Most of us will never climb to the highest elevation in the world — 29,029 feet at the peak of Mount Everest — but a drive to Oklahoma City can bring you close.

The documentary film “Everest” is currently playing at the Omnidome Theater in the Science Museum Oklahoma. Movies at the Omnidome are the ultimate movie-going experience.

Films aren’t just projected onto the massive 70-foot diameter dome screen, they reach out and pull the viewer into the film. Even the new 3-D movies can’t compare.

Everest delves into the world of those who can’t resist risking life and limb to reach the ultimate mountain-climbing goal.

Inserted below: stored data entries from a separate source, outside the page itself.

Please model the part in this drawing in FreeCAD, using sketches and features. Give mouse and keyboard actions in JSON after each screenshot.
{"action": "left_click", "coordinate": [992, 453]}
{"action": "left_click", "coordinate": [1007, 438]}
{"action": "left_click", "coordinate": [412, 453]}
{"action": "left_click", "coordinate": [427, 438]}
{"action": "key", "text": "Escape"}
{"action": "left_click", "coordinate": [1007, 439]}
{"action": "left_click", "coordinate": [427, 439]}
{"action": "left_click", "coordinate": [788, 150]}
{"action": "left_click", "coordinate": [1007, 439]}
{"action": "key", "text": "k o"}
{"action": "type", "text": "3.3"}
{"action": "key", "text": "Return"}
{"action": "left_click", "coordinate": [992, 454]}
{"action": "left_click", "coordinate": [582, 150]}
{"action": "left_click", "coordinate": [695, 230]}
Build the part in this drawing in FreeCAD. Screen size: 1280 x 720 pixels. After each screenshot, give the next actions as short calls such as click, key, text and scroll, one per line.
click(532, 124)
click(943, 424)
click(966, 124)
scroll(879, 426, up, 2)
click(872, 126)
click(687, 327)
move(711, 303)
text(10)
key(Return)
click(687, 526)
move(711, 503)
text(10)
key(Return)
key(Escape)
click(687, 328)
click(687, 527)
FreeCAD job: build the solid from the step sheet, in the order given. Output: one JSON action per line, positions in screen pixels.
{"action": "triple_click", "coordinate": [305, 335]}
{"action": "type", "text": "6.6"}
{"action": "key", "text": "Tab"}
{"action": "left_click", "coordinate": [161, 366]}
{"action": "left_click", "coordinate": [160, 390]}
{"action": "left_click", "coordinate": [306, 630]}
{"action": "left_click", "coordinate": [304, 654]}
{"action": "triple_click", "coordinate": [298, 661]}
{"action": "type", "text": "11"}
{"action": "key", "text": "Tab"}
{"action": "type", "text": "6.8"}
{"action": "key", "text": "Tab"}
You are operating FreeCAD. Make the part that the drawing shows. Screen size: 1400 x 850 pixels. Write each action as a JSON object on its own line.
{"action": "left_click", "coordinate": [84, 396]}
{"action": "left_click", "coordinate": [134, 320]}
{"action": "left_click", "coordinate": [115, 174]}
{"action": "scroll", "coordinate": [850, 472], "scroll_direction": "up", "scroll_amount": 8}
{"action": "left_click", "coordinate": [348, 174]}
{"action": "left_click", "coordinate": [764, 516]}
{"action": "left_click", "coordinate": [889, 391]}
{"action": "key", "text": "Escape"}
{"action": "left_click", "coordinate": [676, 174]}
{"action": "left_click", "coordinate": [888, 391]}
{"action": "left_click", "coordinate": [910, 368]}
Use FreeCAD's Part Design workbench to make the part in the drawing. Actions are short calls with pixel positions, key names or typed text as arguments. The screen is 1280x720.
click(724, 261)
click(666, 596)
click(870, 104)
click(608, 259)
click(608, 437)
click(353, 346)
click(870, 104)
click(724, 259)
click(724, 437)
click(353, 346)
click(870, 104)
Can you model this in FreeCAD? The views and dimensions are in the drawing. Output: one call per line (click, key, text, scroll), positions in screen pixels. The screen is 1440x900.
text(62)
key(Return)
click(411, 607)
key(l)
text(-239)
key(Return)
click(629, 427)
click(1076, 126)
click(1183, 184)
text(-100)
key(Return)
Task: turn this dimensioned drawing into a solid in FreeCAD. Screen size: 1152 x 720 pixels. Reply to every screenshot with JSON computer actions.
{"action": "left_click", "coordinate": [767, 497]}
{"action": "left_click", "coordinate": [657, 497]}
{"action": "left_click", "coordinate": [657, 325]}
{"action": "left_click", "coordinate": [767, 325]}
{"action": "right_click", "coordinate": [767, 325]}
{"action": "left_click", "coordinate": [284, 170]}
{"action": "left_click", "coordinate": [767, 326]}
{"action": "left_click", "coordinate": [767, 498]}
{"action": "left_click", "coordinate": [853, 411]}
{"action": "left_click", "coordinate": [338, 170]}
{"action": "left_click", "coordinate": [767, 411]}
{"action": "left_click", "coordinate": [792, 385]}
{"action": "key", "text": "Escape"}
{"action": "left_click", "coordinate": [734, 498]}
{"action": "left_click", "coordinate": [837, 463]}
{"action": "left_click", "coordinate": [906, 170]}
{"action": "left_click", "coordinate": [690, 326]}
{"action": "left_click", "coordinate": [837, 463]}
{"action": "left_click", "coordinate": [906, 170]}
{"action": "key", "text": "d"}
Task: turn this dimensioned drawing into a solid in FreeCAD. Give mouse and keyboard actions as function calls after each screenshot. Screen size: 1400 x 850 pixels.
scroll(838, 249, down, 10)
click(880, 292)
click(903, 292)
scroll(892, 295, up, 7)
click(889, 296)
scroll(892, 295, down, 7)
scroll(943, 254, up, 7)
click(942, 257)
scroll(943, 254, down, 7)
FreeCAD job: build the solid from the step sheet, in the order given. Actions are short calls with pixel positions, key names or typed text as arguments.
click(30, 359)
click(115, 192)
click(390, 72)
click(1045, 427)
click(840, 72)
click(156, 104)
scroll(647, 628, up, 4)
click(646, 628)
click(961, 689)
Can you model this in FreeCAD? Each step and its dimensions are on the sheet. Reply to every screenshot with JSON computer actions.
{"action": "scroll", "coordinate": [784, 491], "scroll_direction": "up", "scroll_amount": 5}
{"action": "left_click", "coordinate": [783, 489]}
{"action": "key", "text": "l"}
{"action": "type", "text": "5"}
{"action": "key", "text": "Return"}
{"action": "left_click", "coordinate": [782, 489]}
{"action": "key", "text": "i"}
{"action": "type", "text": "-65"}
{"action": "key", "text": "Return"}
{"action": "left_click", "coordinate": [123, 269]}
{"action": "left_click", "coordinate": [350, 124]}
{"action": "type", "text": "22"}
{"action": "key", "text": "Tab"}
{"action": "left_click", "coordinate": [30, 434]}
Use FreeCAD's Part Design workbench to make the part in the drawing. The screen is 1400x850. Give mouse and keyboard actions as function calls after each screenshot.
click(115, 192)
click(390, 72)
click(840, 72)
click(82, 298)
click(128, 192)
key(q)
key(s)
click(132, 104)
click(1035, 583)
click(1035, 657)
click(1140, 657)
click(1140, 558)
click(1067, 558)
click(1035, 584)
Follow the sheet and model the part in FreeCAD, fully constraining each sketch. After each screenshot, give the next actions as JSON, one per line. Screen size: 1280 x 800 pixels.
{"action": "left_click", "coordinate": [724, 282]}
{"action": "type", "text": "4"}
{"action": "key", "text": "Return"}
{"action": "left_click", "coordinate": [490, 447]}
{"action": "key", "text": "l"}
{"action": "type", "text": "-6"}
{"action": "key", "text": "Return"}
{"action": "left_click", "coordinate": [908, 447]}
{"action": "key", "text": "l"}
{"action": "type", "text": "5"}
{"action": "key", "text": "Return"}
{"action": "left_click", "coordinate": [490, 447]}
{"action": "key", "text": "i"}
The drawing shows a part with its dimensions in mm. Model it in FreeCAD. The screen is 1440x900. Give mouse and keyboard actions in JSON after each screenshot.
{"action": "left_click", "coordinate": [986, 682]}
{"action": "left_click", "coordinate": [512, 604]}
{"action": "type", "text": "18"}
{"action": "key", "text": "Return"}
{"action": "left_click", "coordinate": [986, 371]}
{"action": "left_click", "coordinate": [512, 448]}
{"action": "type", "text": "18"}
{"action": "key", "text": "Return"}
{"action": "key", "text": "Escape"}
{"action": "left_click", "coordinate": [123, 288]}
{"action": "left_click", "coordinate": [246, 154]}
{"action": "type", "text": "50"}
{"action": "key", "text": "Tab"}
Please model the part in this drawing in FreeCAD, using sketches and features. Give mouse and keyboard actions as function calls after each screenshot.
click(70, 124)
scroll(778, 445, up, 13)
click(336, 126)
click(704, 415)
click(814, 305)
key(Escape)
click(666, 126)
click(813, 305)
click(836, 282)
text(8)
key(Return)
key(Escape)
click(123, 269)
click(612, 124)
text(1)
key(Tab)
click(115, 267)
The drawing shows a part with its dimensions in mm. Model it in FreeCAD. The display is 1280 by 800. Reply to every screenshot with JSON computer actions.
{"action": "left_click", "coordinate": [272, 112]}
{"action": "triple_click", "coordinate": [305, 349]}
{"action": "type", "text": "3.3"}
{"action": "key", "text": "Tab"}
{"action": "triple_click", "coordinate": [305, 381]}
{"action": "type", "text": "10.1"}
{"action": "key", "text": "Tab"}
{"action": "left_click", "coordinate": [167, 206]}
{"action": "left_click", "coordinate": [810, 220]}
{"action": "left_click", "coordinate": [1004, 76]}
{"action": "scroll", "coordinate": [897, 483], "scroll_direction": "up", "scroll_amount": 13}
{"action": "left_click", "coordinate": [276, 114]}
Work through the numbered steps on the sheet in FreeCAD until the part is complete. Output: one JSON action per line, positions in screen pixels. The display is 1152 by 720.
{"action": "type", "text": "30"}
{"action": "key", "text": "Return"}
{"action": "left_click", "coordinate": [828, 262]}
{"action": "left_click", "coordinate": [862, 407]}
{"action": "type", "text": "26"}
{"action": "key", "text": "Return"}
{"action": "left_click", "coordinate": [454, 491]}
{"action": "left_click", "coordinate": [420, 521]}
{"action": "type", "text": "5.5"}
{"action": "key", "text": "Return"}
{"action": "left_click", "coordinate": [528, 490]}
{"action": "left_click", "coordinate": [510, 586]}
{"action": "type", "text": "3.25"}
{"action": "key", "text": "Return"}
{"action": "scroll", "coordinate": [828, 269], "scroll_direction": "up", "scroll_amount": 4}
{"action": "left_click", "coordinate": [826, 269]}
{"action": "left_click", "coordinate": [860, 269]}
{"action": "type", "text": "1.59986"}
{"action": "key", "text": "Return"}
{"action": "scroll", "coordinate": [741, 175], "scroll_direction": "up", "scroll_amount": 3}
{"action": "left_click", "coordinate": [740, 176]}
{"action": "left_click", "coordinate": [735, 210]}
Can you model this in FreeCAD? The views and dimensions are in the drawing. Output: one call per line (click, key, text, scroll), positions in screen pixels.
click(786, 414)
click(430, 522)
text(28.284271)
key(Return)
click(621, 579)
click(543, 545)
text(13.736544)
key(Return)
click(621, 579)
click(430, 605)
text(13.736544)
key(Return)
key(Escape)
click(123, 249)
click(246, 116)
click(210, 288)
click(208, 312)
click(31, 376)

The film revolves around several climbers, including Jamling Tenzing Norgay, son of Tenzing Norgay, who along with Edmund Hillary, was the first to reach the summit in 1953.

The 40-something Norgay attempts his first climb of the behemoth 10 years after his father’s death, and is teamed with the very experienced American mountain climber Ed Viesturs, who had already reached the top on four previous occasions.

Viewers can’t help but develop an understanding of why these people do what they do. Shocking facts are revealed throughout the movie. One example is that it takes well over a month to climb the mighty mountain.

Once a certain point is reached, 22,000 feet, climbers must spend at least five weeks in tents there until they become acclimated to the elevation. The dedication is incredible.

It is a place where man nor beast should ever be. The final 3,000 feet is known as the death zone. The air is so thin, cold and lacking of oxygen, climbers describe the experience as breathing in fire.

The breathing is so labored it can actually crack rib bones. More than 150 lives had ended — prior to the filming of Everest in 1996 — on the way up, and most still occupy frozen graves on the mountain.

The number of climbers who have perished on the mountain totals more than 200 today. Audiences will be on edge to see if the group of determined individuals triumph over pain and tragedy to reach the summit.

The film is brilliantly narrated by Oscar-Nominated-Actor Liam Neeson and although it only has a run time of 45 minutes, the experience will last a lifetime. The  movie is educational and family friendly.